Navajo Sandstone (Lower to Mid Jurassic)

Approximately 190 to 136 million years ago in the Jurassic the Colorado Plateau area’s climate increasingly became arid until 150,000 square miles (388,000 km²) of western North America became a huge desert, not unlike the modern Sahara. For perhaps 10 million years sometime around 175 million years ago sand dunes  accumulated, reaching their greatest thickness in the Zion Canyon area; about 2,200 feet (670 m) at the Temple of Sinawava in Zion Canyon.

Most of the sand, made of 98% translucent, rounded-grain quartz, was transported from coastal sand dunes to the west, in what is now central Nevada. Today the Navajo Sandstone is a geographically widespread, pale tan to red cliff and monolith former with very obvious sand dune cross-bedding patterns . Typically the lower part of this remarkably homogeneous formation is reddish from iron oxide that percolated from the overlaying iron-rich Temple Cap formation while the upper part of the formation is a pale tan to nearly white color. The other component of the Navajo’s weak cement matrix is calcium carbonate, but the resulting sandstone is friable (crumbles easily) and very porous. Cross-bedding is especially evident in the eastern part of the park where Jurassic wind directions changed often. The crosshatched appearance of Checkerboard Mesa is a good example .

Springs, such as Weeping Rock, form in canyon walls made of the porous Navajo Sandstone when water hits and is channeled by the underlying non-porous Kayenta Formation. The principal aquifer in the region is contained in Navajo Sandstone. Navajo is the most prominent formation exposed in Zion Canyon with the highest exposures being West Temple and Checkerboard Mesa. The monoliths in the sides of Zion Canyon are among the tallest sandstone cliffs in the world.

Temple Cap formations (Middle Jurassic)

Desert conditions returned briefly, creating the White Throne member, but encroaching seas again beveled the coastline, forming a regional unconformity. Thin beds of clay and silt mark the end of this formation. The most prominent outcrops of this formation make up the capstone of West Temple in Zion Canyon. Rain dissolves some of the iron oxide and thus streaks Zion’s cliffs red (the red streak seen on the Altar of Sacrifice is a famous example). Temple Cap iron oxide is also the source of the red-orange color of much the lower half of the Navajo Formation

Erosion and Canyon Formation

All erosion types took advantage of preexisting weaknesses in the rock such as rock type, amount of lithification, and the presence of cracks or joints in the rock. Basalt flows concentrated in valleys but subsequent erosion removed sedimentary rock that once stood at higher elevations. The resulting inverted relief consists of ridges capped by basalt which are separated by adjacent drainages.

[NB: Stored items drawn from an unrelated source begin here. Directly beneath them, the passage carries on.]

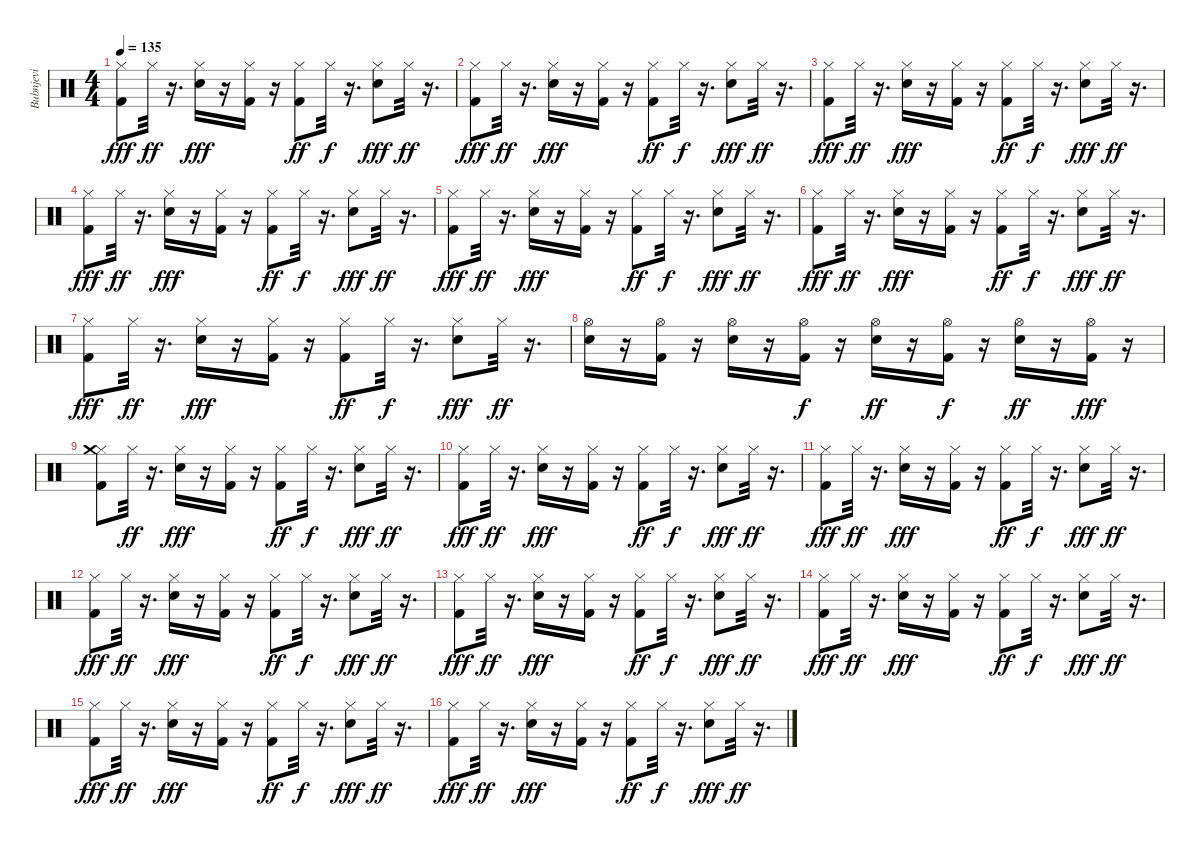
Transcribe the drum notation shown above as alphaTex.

\track ("Bubnjevi" "Bubnjevi") {instrument percussion}
\staff {score}
\articulation defaults
\ts (4 4)
\tempo 135
\clef neutral
\ks c
("Kick (hit) 2" "Hi-Hat (closed)").8{dy fff} "Hi-Hat (closed)".32{dy ff} r.16{d} ("Electric Snare (hit)" "Hi-Hat (closed)").16{dy fff} r.16 ("Kick (hit) 2" "Hi-Hat (closed)").16 r.16 ("Kick (hit) 2" "Hi-Hat (closed)").8{dy ff} "Hi-Hat (closed)".32{dy f} r.16{d} ("Electric Snare (hit)" "Hi-Hat (closed)").8{dy fff} "Hi-Hat (closed)".32{dy ff} r.16{d} |
("Kick (hit) 2" "Hi-Hat (closed)").8{dy fff} "Hi-Hat (closed)".32{dy ff} r.16{d} ("Electric Snare (hit)" "Hi-Hat (closed)").16{dy fff} r.16 ("Kick (hit) 2" "Hi-Hat (closed)").16 r.16 ("Kick (hit) 2" "Hi-Hat (closed)").8{dy ff} "Hi-Hat (closed)".32{dy f} r.16{d} ("Electric Snare (hit)" "Hi-Hat (closed)").8{dy fff} "Hi-Hat (closed)".32{dy ff} r.16{d} |
("Kick (hit) 2" "Hi-Hat (closed)").8{dy fff} "Hi-Hat (closed)".32{dy ff} r.16{d} ("Electric Snare (hit)" "Hi-Hat (closed)").16{dy fff} r.16 ("Kick (hit) 2" "Hi-Hat (closed)").16 r.16 ("Kick (hit) 2" "Hi-Hat (closed)").8{dy ff} "Hi-Hat (closed)".32{dy f} r.16{d} ("Electric Snare (hit)" "Hi-Hat (closed)").8{dy fff} "Hi-Hat (closed)".32{dy ff} r.16{d} |
("Kick (hit) 2" "Hi-Hat (closed)").8{dy fff} "Hi-Hat (closed)".32{dy ff} r.16{d} ("Electric Snare (hit)" "Hi-Hat (closed)").16{dy fff} r.16 ("Kick (hit) 2" "Hi-Hat (closed)").16 r.16 ("Kick (hit) 2" "Hi-Hat (closed)").8{dy ff} "Hi-Hat (closed)".32{dy f} r.16{d} ("Electric Snare (hit)" "Hi-Hat (closed)").8{dy fff} "Hi-Hat (closed)".32{dy ff} r.16{d} |
("Kick (hit) 2" "Hi-Hat (closed)").8{dy fff} "Hi-Hat (closed)".32{dy ff} r.16{d} ("Electric Snare (hit)" "Hi-Hat (closed)").16{dy fff} r.16 ("Kick (hit) 2" "Hi-Hat (closed)").16 r.16 ("Kick (hit) 2" "Hi-Hat (closed)").8{dy ff} "Hi-Hat (closed)".32{dy f} r.16{d} ("Electric Snare (hit)" "Hi-Hat (closed)").8{dy fff} "Hi-Hat (closed)".32{dy ff} r.16{d} |
("Kick (hit) 2" "Hi-Hat (closed)").8{dy fff} "Hi-Hat (closed)".32{dy ff} r.16{d} ("Electric Snare (hit)" "Hi-Hat (closed)").16{dy fff} r.16 ("Kick (hit) 2" "Hi-Hat (closed)").16 r.16 ("Kick (hit) 2" "Hi-Hat (closed)").8{dy ff} "Hi-Hat (closed)".32{dy f} r.16{d} ("Electric Snare (hit)" "Hi-Hat (closed)").8{dy fff} "Hi-Hat (closed)".32{dy ff} r.16{d} |
("Kick (hit) 2" "Hi-Hat (closed)").8{dy fff} "Hi-Hat (closed)".32{dy ff} r.16{d} ("Electric Snare (hit)" "Hi-Hat (closed)").16{dy fff} r.16 ("Kick (hit) 2" "Hi-Hat (closed)").16 r.16 ("Kick (hit) 2" "Hi-Hat (closed)").8{dy ff} "Hi-Hat (closed)".32{dy f} r.16{d} ("Electric Snare (hit)" "Hi-Hat (closed)").8{dy fff} "Hi-Hat (closed)".32{dy ff} r.16{d} |
("Hi-Hat (open)" "Electric Snare (hit)").16 r.16 ("Hi-Hat (open)" "Kick (hit) 2").16 r.16 ("Hi-Hat (open)" "Electric Snare (hit)").16 r.16 ("Hi-Hat (open)" "Kick (hit) 2").16{dy f} r.16 ("Hi-Hat (open)" "Electric Snare (hit)").16{dy ff} r.16 ("Hi-Hat (open)" "Kick (hit) 2").16{dy f} r.16 ("Hi-Hat (open)" "Electric Snare (hit)").16{dy ff} r.16 ("Hi-Hat (open)" "Kick (hit) 2").16{dy fff} r.16 |
("Kick (hit) 2" "Hi-Hat (closed)" "Crash medium (hit)").8 "Hi-Hat (closed)".32{dy ff} r.16{d} ("Electric Snare (hit)" "Hi-Hat (closed)").16{dy fff} r.16 ("Kick (hit) 2" "Hi-Hat (closed)").16 r.16 ("Kick (hit) 2" "Hi-Hat (closed)").8{dy ff} "Hi-Hat (closed)".32{dy f} r.16{d} ("Electric Snare (hit)" "Hi-Hat (closed)").8{dy fff} "Hi-Hat (closed)".32{dy ff} r.16{d} |
("Kick (hit) 2" "Hi-Hat (closed)").8{dy fff} "Hi-Hat (closed)".32{dy ff} r.16{d} ("Electric Snare (hit)" "Hi-Hat (closed)").16{dy fff} r.16 ("Kick (hit) 2" "Hi-Hat (closed)").16 r.16 ("Kick (hit) 2" "Hi-Hat (closed)").8{dy ff} "Hi-Hat (closed)".32{dy f} r.16{d} ("Electric Snare (hit)" "Hi-Hat (closed)").8{dy fff} "Hi-Hat (closed)".32{dy ff} r.16{d} |
("Kick (hit) 2" "Hi-Hat (closed)").8{dy fff} "Hi-Hat (closed)".32{dy ff} r.16{d} ("Electric Snare (hit)" "Hi-Hat (closed)").16{dy fff} r.16 ("Kick (hit) 2" "Hi-Hat (closed)").16 r.16 ("Kick (hit) 2" "Hi-Hat (closed)").8{dy ff} "Hi-Hat (closed)".32{dy f} r.16{d} ("Electric Snare (hit)" "Hi-Hat (closed)").8{dy fff} "Hi-Hat (closed)".32{dy ff} r.16{d} |
("Kick (hit) 2" "Hi-Hat (closed)").8{dy fff} "Hi-Hat (closed)".32{dy ff} r.16{d} ("Electric Snare (hit)" "Hi-Hat (closed)").16{dy fff} r.16 ("Kick (hit) 2" "Hi-Hat (closed)").16 r.16 ("Kick (hit) 2" "Hi-Hat (closed)").8{dy ff} "Hi-Hat (closed)".32{dy f} r.16{d} ("Electric Snare (hit)" "Hi-Hat (closed)").8{dy fff} "Hi-Hat (closed)".32{dy ff} r.16{d} |
("Kick (hit) 2" "Hi-Hat (closed)").8{dy fff} "Hi-Hat (closed)".32{dy ff} r.16{d} ("Electric Snare (hit)" "Hi-Hat (closed)").16{dy fff} r.16 ("Kick (hit) 2" "Hi-Hat (closed)").16 r.16 ("Kick (hit) 2" "Hi-Hat (closed)").8{dy ff} "Hi-Hat (closed)".32{dy f} r.16{d} ("Electric Snare (hit)" "Hi-Hat (closed)").8{dy fff} "Hi-Hat (closed)".32{dy ff} r.16{d} |
("Kick (hit) 2" "Hi-Hat (closed)").8{dy fff} "Hi-Hat (closed)".32{dy ff} r.16{d} ("Electric Snare (hit)" "Hi-Hat (closed)").16{dy fff} r.16 ("Kick (hit) 2" "Hi-Hat (closed)").16 r.16 ("Kick (hit) 2" "Hi-Hat (closed)").8{dy ff} "Hi-Hat (closed)".32{dy f} r.16{d} ("Electric Snare (hit)" "Hi-Hat (closed)").8{dy fff} "Hi-Hat (closed)".32{dy ff} r.16{d} |
("Kick (hit) 2" "Hi-Hat (closed)").8{dy fff} "Hi-Hat (closed)".32{dy ff} r.16{d} ("Electric Snare (hit)" "Hi-Hat (closed)").16{dy fff} r.16 ("Kick (hit) 2" "Hi-Hat (closed)").16 r.16 ("Kick (hit) 2" "Hi-Hat (closed)").8{dy ff} "Hi-Hat (closed)".32{dy f} r.16{d} ("Electric Snare (hit)" "Hi-Hat (closed)").8{dy fff} "Hi-Hat (closed)".32{dy ff} r.16{d} |
("Kick (hit) 2" "Hi-Hat (closed)").8{dy fff} "Hi-Hat (closed)".32{dy ff} r.16{d} ("Electric Snare (hit)" "Hi-Hat (closed)").16{dy fff} r.16 ("Kick (hit) 2" "Hi-Hat (closed)").16 r.16 ("Kick (hit) 2" "Hi-Hat (closed)").8{dy ff} "Hi-Hat (closed)".32{dy f} r.16{d} ("Electric Snare (hit)" "Hi-Hat (closed)").8{dy fff} "Hi-Hat (closed)".32{dy ff} r.16{d}

In all about 6,000 feet (1,800 m) of sediment were removed from atop the youngest exposed formation in the park (the Late Cretaceous-aged Dakota Sandstone). The Virgin River carved out 1,300 feet (400 m) of sediment in about 1 million years. This is a very high rate of downcutting, about the same rate as occurred in Grand Canyon during its most rapid period of erosion. About 1 million years ago, Zion Canyon was only about half as deep as it is today in the vicinity of Zion Lodge.Assuming that erosion was fairly constant over the past 2 million years, then the upper half of Zion Canyon was carved between about 1 and 2 million years ago and only the upper half of the Great White Throne was exposed 1 million years ago and The Narrows were yet to form.

Downcutting and canyon widening continue today as the process of erosion continues to try to reduce the topography to sea level. In 1998 a flash flood temporarily increased the Virgin River’s flow rate from 200 to 4,500 ft³/s (6 to 125 m³/s). Geologists estimate that the Virgin River can cut another thousand feet (300 m) before it loses the ability to transport sediment to the Colorado River to the south. However, additional uplift will probably increase this figure.